Ma l’intuito editoriale di Flaccovio va a segno soprattutto nella pubblicazione di alcune riviste. E’ il caso di Chiarezza, giornale di opinione politico, molto vicino alle posizioni comuniste e che si pone antagonista alla crescita del movimento separatista. Tanto che nel momento che il movimento finirà la sua fase di espansione, Chiarezza cesserà le pubblicazioni. Una rivista di forte impegno politico e sociale ma anche culturale perché nella terza pagina vi collaborarono autori come Salvatore Quasimodo, Elio Vittorini, Eugenio Montale ed altri. Una rivista che in Italia si muove sulla falsariga del Politecnico di Vittorini. Ma se l’operazione Chiarezza è di marca dichiaratamente politica, con la pubblicazione di ‘Sicilia’, Flaccovio si propone di fare una rivista artistica che possa promuovere l’Isola all’Estero. Ci riesce anche grazie al contributo dell’assessorato regionale al Turismo della Regione Sicilia. E’ un primo esempio di comunicazione istituzionale affidata ad un editore privato. Nella scelta dell’innovazione e della creatività Flaccovio non ha paragoni: fonda così Collage, rivista esoterica che incontra i favori di un pubblico colto e che caratterizza la vivacità culturale della Palermo degli anni ’60. Ma non è finita perché pubblica anche altre riviste come «Fasis», «Uomo e Cultura» e «Per Ap».

«Fasis» e «Per Ap» sono due eccezionali e innovativi esperimenti di neoavanguardia. Dietro questi due progetti c’è l’animo fondante del «Gruppo ‘63»: Gaetano Testa.

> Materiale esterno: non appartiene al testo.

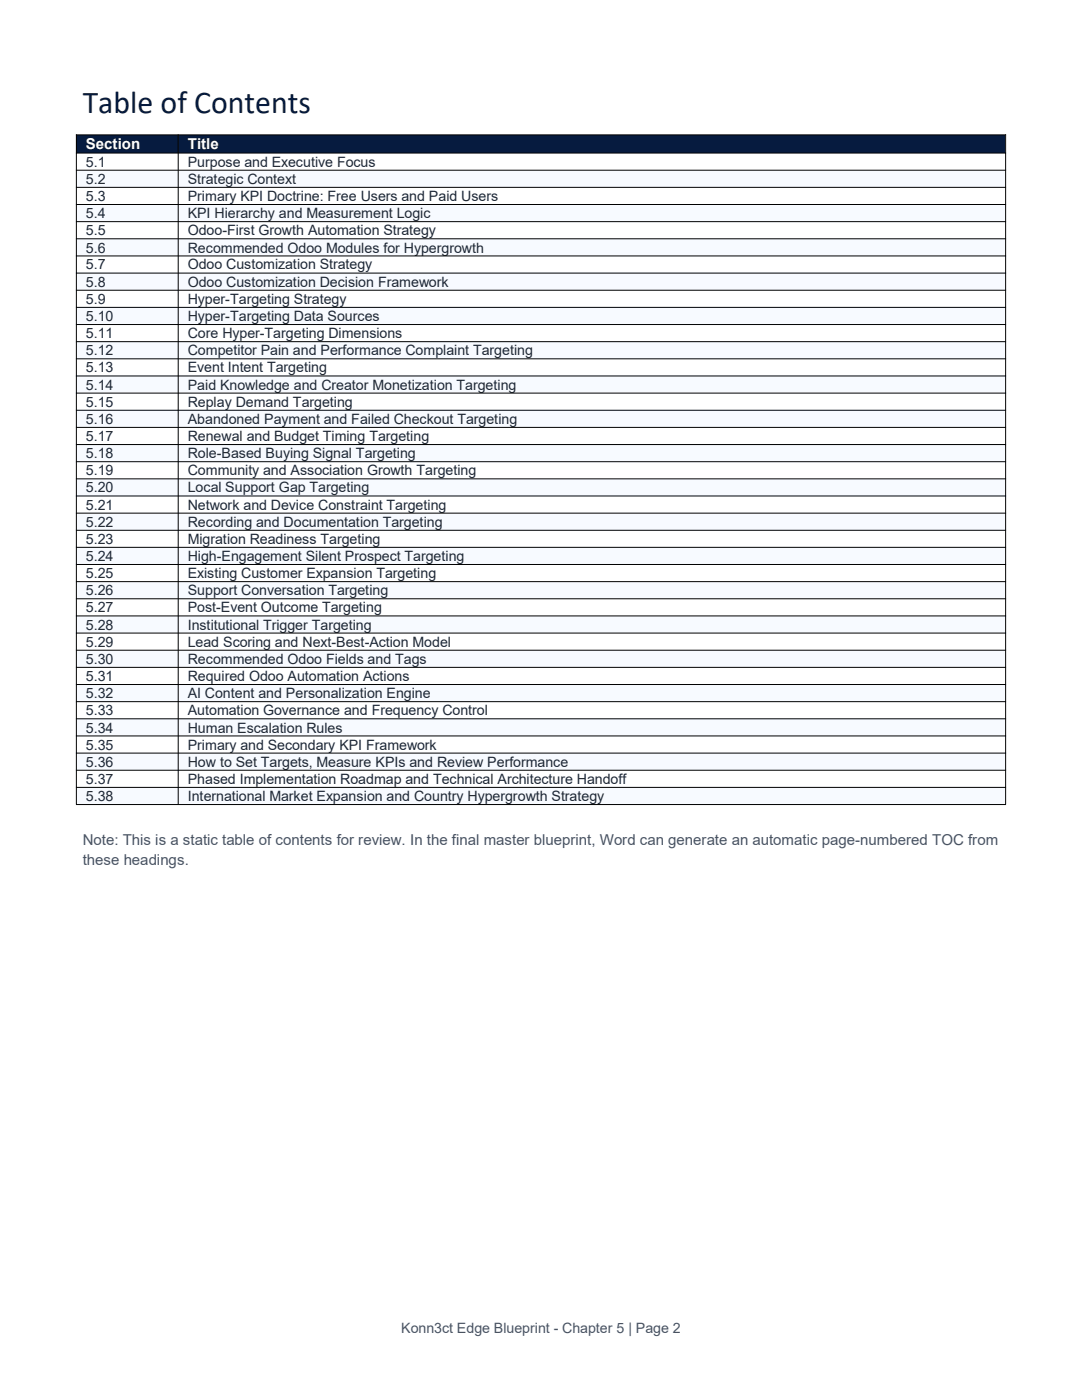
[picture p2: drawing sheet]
<svg xmlns="http://www.w3.org/2000/svg" width="216mm" height="279mm" viewBox="0 0 216 279" stroke-linecap="round" stroke-linejoin="round" font-family="sans-serif">
<defs><g id="words">
<text font-size="6.4" fill="#061b3f" x="16.5" y="22.5">Table of Contents</text>
<g font-size="3" fill="#fff">
<text x="17.1" y="29.8">Section</text>
<text x="37.5" y="29.8">Title</text>
</g>
<g font-size="3" fill="#44546a">
<text x="16.5" y="168.6">Note: This is a static table of contents for review. In the final master blueprint, Word can generate an automatic page-numbered TOC from</text>
<text x="16.5" y="172.6">these headings.</text>
</g>
<g font-size="2.8" fill="#1f2937">
<text x="17.1" y="33.2">5.1</text>
<text x="37.5" y="33.2">Purpose and Executive Focus</text>
<text x="17.1" y="36.7">5.2</text>
<text x="17.1" y="40.1">5.3</text>
<text x="37.5" y="36.7">Strategic Context</text>
<text x="37.5" y="40.1">Primary KPI Doctrine: Free Users and Paid Users</text>
<text x="17.1" y="43.5">5.4</text>
<text x="17.1" y="47">5.5</text>
<text x="37.5" y="43.5">KPI Hierarchy and Measurement Logic</text>
<text x="37.5" y="47">Odoo-First Growth Automation Strategy</text>
<text x="17.1" y="50.4">5.6</text>
<text x="17.1" y="53.8">5.7</text>
<text x="37.5" y="50.4">Recommended Odoo Modules for Hypergrowth</text>
<text x="37.5" y="53.8">Odoo Customization Strategy</text>
<text x="17.1" y="57.2">5.8</text>
<text x="37.5" y="57.2">Odoo Customization Decision Framework</text>
<text x="17.1" y="60.6">5.9</text>
<text x="17.1" y="64.1">5.10</text>
<text x="37.5" y="60.6">Hyper-Targeting Strategy</text>
<text x="37.5" y="64.1">Hyper-Targeting Data Sources</text>
<text x="17.1" y="67.5">5.11</text>
<text x="17.1" y="70.9">5.12</text>
<text x="37.5" y="67.5">Core Hyper-Targeting Dimensions</text>
<text x="37.5" y="70.9">Competitor Pain and Performance Complaint Targeting</text>
<text x="17.1" y="74.3">5.13</text>
<text x="17.1" y="77.7">5.14</text>
<text x="37.5" y="74.3">Event Intent Targeting</text>
<text x="37.5" y="77.7">Paid Knowledge and Creator Monetization Targeting</text>
<text x="17.1" y="81.2">5.15</text>
<text x="37.5" y="81.2">Replay Demand Targeting</text>
<text x="17.1" y="84.6">5.16</text>
<text x="17.1" y="88">5.17</text>
<text x="37.5" y="84.6">Abandoned Payment and Failed Checkout Targeting</text>
<text x="37.5" y="88">Renewal and Budget Timing Targeting</text>
<text x="17.1" y="91.5">5.18</text>
<text x="17.1" y="94.8">5.19</text>
<text x="37.5" y="91.5">Role-Based Buying Signal Targeting</text>
<text x="37.5" y="94.8">Community and Association Growth Targeting</text>
<text x="17.1" y="98.3">5.20</text>
<text x="17.1" y="101.7">5.21</text>
<text x="37.5" y="98.3">Local Support Gap Targeting</text>
<text x="37.5" y="101.7">Network and Device Constraint Targeting</text>
<text x="17.1" y="105.1">5.22</text>
<text x="37.5" y="105.1">Recording and Documentation Targeting</text>
<text x="17.1" y="108.6">5.23</text>
<text x="17.1" y="112">5.24</text>
<text x="37.5" y="108.6">Migration Readiness Targeting</text>
<text x="37.5" y="112">High-Engagement Silent Prospect Targeting</text>
<text x="17.1" y="115.4">5.25</text>
<text x="17.1" y="118.8">5.26</text>
<text x="37.5" y="115.4">Existing Customer Expansion Targeting</text>
<text x="37.5" y="118.8">Support Conversation Targeting</text>
<text x="17.1" y="122.2">5.27</text>
<text x="17.1" y="125.7">5.28</text>
<text x="37.5" y="122.2">Post-Event Outcome Targeting</text>
<text x="37.5" y="125.7">Institutional Trigger Targeting</text>
<text x="17.1" y="129.1">5.29</text>
<text x="37.5" y="129.1">Lead Scoring and Next-Best-Action Model</text>
<text x="17.1" y="132.5">5.30</text>
<text x="17.1" y="135.9">5.31</text>
<text x="37.5" y="132.5">Recommended Odoo Fields and Tags</text>
<text x="37.5" y="135.9">Required Odoo Automation Actions</text>
<text x="17.1" y="139.3">5.32</text>
<text x="17.1" y="142.8">5.33</text>
<text x="37.5" y="139.3">AI Content and Personalization Engine</text>
<text x="37.5" y="142.8">Automation Governance and Frequency Control</text>
<text x="17.1" y="146.2">5.34</text>
<text x="17.1" y="149.6">5.35</text>
<text x="37.5" y="146.2">Human Escalation Rules</text>
<text x="37.5" y="149.6">Primary and Secondary KPI Framework</text>
<text x="17.1" y="153.1">5.36</text>
<text x="37.5" y="153.1">How to Set Targets, Measure KPIs and Review Performance</text>
<text x="17.1" y="156.4">5.37</text>
<text x="17.1" y="159.9">5.38</text>
<text x="37.5" y="156.4">Phased Implementation Roadmap and Technical Architecture Handoff</text>
<text x="37.5" y="159.9">International Market Expansion and Country Hypergrowth Strategy</text>
</g>
<text font-size="2.8" fill="#44546a" x="80.1" y="266.1">Konn3ct Edge Blueprint - Chapter 5 | Page 2</text>
</g></defs>
<g fill="#061b3f">
<path d="M15.3 27h20.2v3.5h-20.2z" fill-rule="evenodd"/>
<path d="M35.6 27h165v3.5h-165z" fill-rule="evenodd"/>
</g>
<g fill="#fff">
<path d="M15.3 30.6h20.2v3.3h-20.2z" fill-rule="evenodd"/>
<path d="M35.6 30.6h165v3.3h-165z" fill-rule="evenodd"/>
</g>
<g fill="#f7faff">
<path d="M15.3 34h20.2v3.3h-20.2z" fill-rule="evenodd"/>
<path d="M35.6 34h165v3.3h-165z" fill-rule="evenodd"/>
</g>
<g fill="#fff">
<path d="M15.3 37.4h20.2v3.3h-20.2z" fill-rule="evenodd"/>
<path d="M35.6 37.4h165v3.3h-165z" fill-rule="evenodd"/>
</g>
<g fill="#f7faff">
<path d="M15.3 40.9h20.2v3.3h-20.2z" fill-rule="evenodd"/>
<path d="M35.6 40.9h165v3.3h-165z" fill-rule="evenodd"/>
</g>
<g fill="#fff">
<path d="M15.3 44.3h20.2v3.3h-20.2z" fill-rule="evenodd"/>
<path d="M35.6 44.3h165v3.3h-165z" fill-rule="evenodd"/>
</g>
<g fill="#f7faff">
<path d="M15.3 47.7h20.2v3.3h-20.2z" fill-rule="evenodd"/>
<path d="M35.6 47.7h165v3.3h-165z" fill-rule="evenodd"/>
</g>
<g fill="#fff">
<path d="M15.3 51.1h20.2v3.3h-20.2z" fill-rule="evenodd"/>
<path d="M35.6 51.1h165v3.3h-165z" fill-rule="evenodd"/>
</g>
<g fill="#f7faff">
<path d="M15.3 54.5h20.2v3.4h-20.2z" fill-rule="evenodd"/>
<path d="M35.6 54.5h165v3.4h-165z" fill-rule="evenodd"/>
</g>
<g fill="#fff">
<path d="M15.3 58h20.2v3.3h-20.2z" fill-rule="evenodd"/>
<path d="M35.6 58h165v3.3h-165z" fill-rule="evenodd"/>
</g>
<g fill="#f7faff">
<path d="M15.3 61.4h20.2v3.3h-20.2z" fill-rule="evenodd"/>
<path d="M35.6 61.4h165v3.3h-165z" fill-rule="evenodd"/>
</g>
<g fill="#fff">
<path d="M15.3 64.8h20.2v3.3h-20.2z" fill-rule="evenodd"/>
<path d="M35.6 64.8h165v3.3h-165z" fill-rule="evenodd"/>
</g>
<g fill="#f7faff">
<path d="M15.3 68.2h20.2v3.3h-20.2z" fill-rule="evenodd"/>
<path d="M35.6 68.2h165v3.3h-165z" fill-rule="evenodd"/>
</g>
<g fill="#fff">
<path d="M15.3 71.6h20.2v3.4h-20.2z" fill-rule="evenodd"/>
<path d="M35.6 71.6h165v3.4h-165z" fill-rule="evenodd"/>
</g>
<g fill="#f7faff">
<path d="M15.3 75.1h20.2v3.3h-20.2z" fill-rule="evenodd"/>
<path d="M35.6 75.1h165v3.3h-165z" fill-rule="evenodd"/>
</g>
<g fill="#fff">
<path d="M15.3 78.5h20.2v3.3h-20.2z" fill-rule="evenodd"/>
<path d="M35.6 78.5h165v3.3h-165z" fill-rule="evenodd"/>
</g>
<g fill="#f7faff">
<path d="M15.3 81.9h20.2v3.3h-20.2z" fill-rule="evenodd"/>
<path d="M35.6 81.9h165v3.3h-165z" fill-rule="evenodd"/>
</g>
<g fill="#fff">
<path d="M15.3 85.3h20.2v3.4h-20.2z" fill-rule="evenodd"/>
<path d="M35.6 85.3h165v3.4h-165z" fill-rule="evenodd"/>
</g>
<g fill="#f7faff">
<path d="M15.3 88.8h20.2v3.3h-20.2z" fill-rule="evenodd"/>
<path d="M35.6 88.8h165v3.3h-165z" fill-rule="evenodd"/>
</g>
<g fill="#fff">
<path d="M15.3 92.2h20.2v3.3h-20.2z" fill-rule="evenodd"/>
<path d="M35.6 92.2h165v3.3h-165z" fill-rule="evenodd"/>
</g>
<g fill="#f7faff">
<path d="M15.3 95.6h20.2v3.3h-20.2z" fill-rule="evenodd"/>
<path d="M35.6 95.6h165v3.3h-165z" fill-rule="evenodd"/>
</g>
<g fill="#fff">
<path d="M15.3 99h20.2v3.3h-20.2z" fill-rule="evenodd"/>
<path d="M35.6 99h165v3.3h-165z" fill-rule="evenodd"/>
</g>
<g fill="#f7faff">
<path d="M15.3 102.4h20.2v3.4h-20.2z" fill-rule="evenodd"/>
<path d="M35.6 102.4h165v3.4h-165z" fill-rule="evenodd"/>
</g>
<g fill="#fff">
<path d="M15.3 105.9h20.2v3.3h-20.2z" fill-rule="evenodd"/>
<path d="M35.6 105.9h165v3.3h-165z" fill-rule="evenodd"/>
</g>
<g fill="#f7faff">
<path d="M15.3 109.3h20.2v3.3h-20.2z" fill-rule="evenodd"/>
<path d="M35.6 109.3h165v3.3h-165z" fill-rule="evenodd"/>
</g>
<g fill="#fff">
<path d="M15.3 112.7h20.2v3.3h-20.2z" fill-rule="evenodd"/>
<path d="M35.6 112.7h165v3.3h-165z" fill-rule="evenodd"/>
</g>
<g fill="#f7faff">
<path d="M15.3 116.1h20.2v3.3h-20.2z" fill-rule="evenodd"/>
<path d="M35.6 116.1h165v3.3h-165z" fill-rule="evenodd"/>
</g>
<g fill="#fff">
<path d="M15.3 119.6h20.2v3.3h-20.2z" fill-rule="evenodd"/>
<path d="M35.6 119.6h165v3.3h-165z" fill-rule="evenodd"/>
</g>
<g fill="#f7faff">
<path d="M15.3 123h20.2v3.3h-20.2z" fill-rule="evenodd"/>
<path d="M35.6 123h165v3.3h-165z" fill-rule="evenodd"/>
</g>
<g fill="#fff">
<path d="M15.3 126.4h20.2v3.3h-20.2z" fill-rule="evenodd"/>
<path d="M35.6 126.4h165v3.3h-165z" fill-rule="evenodd"/>
</g>
<g fill="#f7faff">
<path d="M15.3 129.8h20.2v3.3h-20.2z" fill-rule="evenodd"/>
<path d="M35.6 129.8h165v3.3h-165z" fill-rule="evenodd"/>
</g>
<g fill="#fff">
<path d="M15.3 133.2h20.2v3.4h-20.2z" fill-rule="evenodd"/>
<path d="M35.6 133.2h165v3.4h-165z" fill-rule="evenodd"/>
</g>
<g fill="#f7faff">
<path d="M15.3 136.7h20.2v3.3h-20.2z" fill-rule="evenodd"/>
<path d="M35.6 136.7h165v3.3h-165z" fill-rule="evenodd"/>
</g>
<g fill="#fff">
<path d="M15.3 140.1h20.2v3.3h-20.2z" fill-rule="evenodd"/>
<path d="M35.6 140.1h165v3.3h-165z" fill-rule="evenodd"/>
</g>
<g fill="#f7faff">
<path d="M15.3 143.5h20.2v3.3h-20.2z" fill-rule="evenodd"/>
<path d="M35.6 143.5h165v3.3h-165z" fill-rule="evenodd"/>
</g>
<g fill="#fff">
<path d="M15.3 146.9h20.2v3.3h-20.2z" fill-rule="evenodd"/>
<path d="M35.6 146.9h165v3.3h-165z" fill-rule="evenodd"/>
</g>
<g fill="#f7faff">
<path d="M15.3 150.4h20.2v3.3h-20.2z" fill-rule="evenodd"/>
<path d="M35.6 150.4h165v3.3h-165z" fill-rule="evenodd"/>
</g>
<g fill="#fff">
<path d="M15.3 153.8h20.2v3.3h-20.2z" fill-rule="evenodd"/>
<path d="M35.6 153.8h165v3.3h-165z" fill-rule="evenodd"/>
</g>
<g fill="#f7faff">
<path d="M15.3 157.2h20.2v3.3h-20.2z" fill-rule="evenodd"/>
<path d="M35.6 157.2h165v3.3h-165z" fill-rule="evenodd"/>
</g>
<g fill="none" stroke="#000" stroke-width=".2">
<path d="M15.2 26.9h185.5M15.2 30.5h185.5M15.2 34h185.5M15.2 37.4h185.5M15.2 26.8v133.7M35.6 26.8v133.7M200.7 26.8v133.7M15.2 40.8h185.5M15.2 44.2h185.5M15.2 47.7h185.5M15.2 51.1h185.5M15.2 54.5h185.5"/>
<path d="M15.2 57.9h185.5M15.2 61.3h185.5M15.2 64.8h185.5M15.2 68.2h185.5M15.2 71.6h185.5M15.2 75h185.5M15.2 78.5h185.5M15.2 81.9h185.5M15.2 85.3h185.5M15.2 88.7h185.5M15.2 92.1h185.5M15.2 95.6h185.5"/>
<path d="M15.2 99h185.5M15.2 102.4h185.5M15.2 105.8h185.5M15.2 109.2h185.5M15.2 112.7h185.5M15.2 116.1h185.5M15.2 119.5h185.5M15.2 122.9h185.5M15.2 126.3h185.5M15.2 129.8h185.5M15.2 133.2h185.5M15.2 136.6h185.5"/>
<path d="M15.2 140h185.5M15.2 143.5h185.5M15.2 146.9h185.5M15.2 150.3h185.5M15.2 153.7h185.5M15.2 157.1h185.5M15.2 160.6h185.5"/>
</g>
<use href="#words"/>
</svg>

Un editore poliedrico, illuminato e intraprendente è stato FaustoFlaccovio, morto nel 1989. Di sicuro un protagonista dell’editoria e della cultura siciliana, gli è mancato il salto di qualità, un editore di respiro nazionale, così come è stato per la Sellerio. I motivi sono stati tanti: ad esempio quello di scegliere come autore seriale uno scrittore postumo. La mancata opportunità di non pubblicare un capolavoro come il Gattopardo. Una vera beffa perché Tomasi di Lampedusa frequentava la sua libreria e gli affida addirittura il manoscritto de Il Gattopardo, ma invece di stamparlo decide di segnalarlo ad Elio Vittorini che però non ne intuisce la grandezza e così Il Gattopardo verrà stampato nel 1958 da Feltrinelli. Si attaccherà poi, sbagliando, alla storia di plagio da parte di Tomasi di Lampedusa nei confronti del romanzo di Giuseppe Maggiore Sette e Mezzo. Una storia più che altro “pompata” dai giornali e soprattutto da alcuni suoi amici del giornale «L’Ora» di Palermo. E dire che Flaccovio il senso degli affari lo aveva, ma non è stato tempista su alcune scelte e forse finiva irretito nella condivisione di diverse iniziative, che non erano esclusivamente editoriali. Al di là di questo, a trent’anni dalla sua morte, in Sicilia Flaccovio è un’istituzione. Molti lo ricordano come unilluminato libraio editore, un uomo di cultura, intelligente e brillante, che non ha mai avuto paura di schierarsi e di dire la sua. Molti intellettuali del tempo, grazie alla sua attività, hanno vissuto una stagione culturalemeravigliosa che non è stata più replicata a Palermo.